- Directed by: Howard Bretherton
- Screenplay by: Mary McCarthy
- Produced by: Grant Withers
- Cinematography: Harry Neumann
- Edited by: Carl Pierson
- Distributed by: Monogram Pictures
- Release date: 30 January 1940;
- Running time: 64 minutes
- Country: United States
- Language: English

= Chasing Trouble =

1940 film

Chasing Trouble is a 1940 American comedy-drama film directed by Howard Bretherton, from Monogram Pictures.

== Plot ==

Frankie Darro and Mantan Moreland in Chasing Trouble (1940)

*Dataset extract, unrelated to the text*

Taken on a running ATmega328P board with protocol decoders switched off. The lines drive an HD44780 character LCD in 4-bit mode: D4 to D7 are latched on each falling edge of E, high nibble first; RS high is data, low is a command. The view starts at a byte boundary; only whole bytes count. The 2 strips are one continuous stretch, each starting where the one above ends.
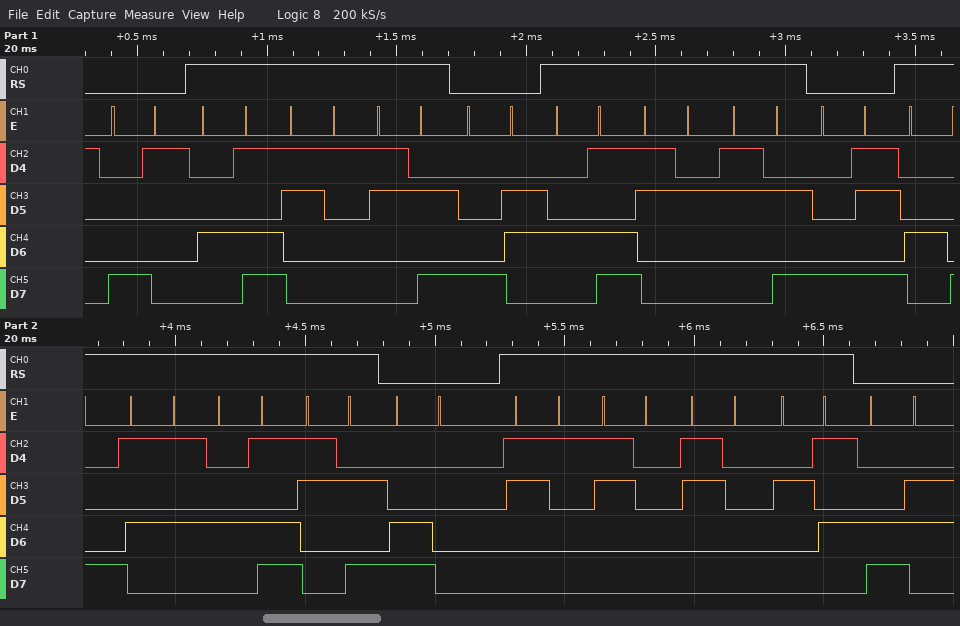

Jimmy "Mr. Cupid" O’Brien and Thomas H. Jefferson are making deliveries for the local florist and manage to get a job for their unemployed friend, Susie Carey.

They are unaware that the proprietor, Mr. Morgan, is part of a spy and saboteur ring which is using the florist shop as a front for delivering coded messages and bombs.

Using lesson two of his correspondence course on graphology, Jimmy learns the truth but it might be too late for intrepid investigative reporter Callahan and the police to help them before the bomb they are supposed to deliver goes off at an airplane factory.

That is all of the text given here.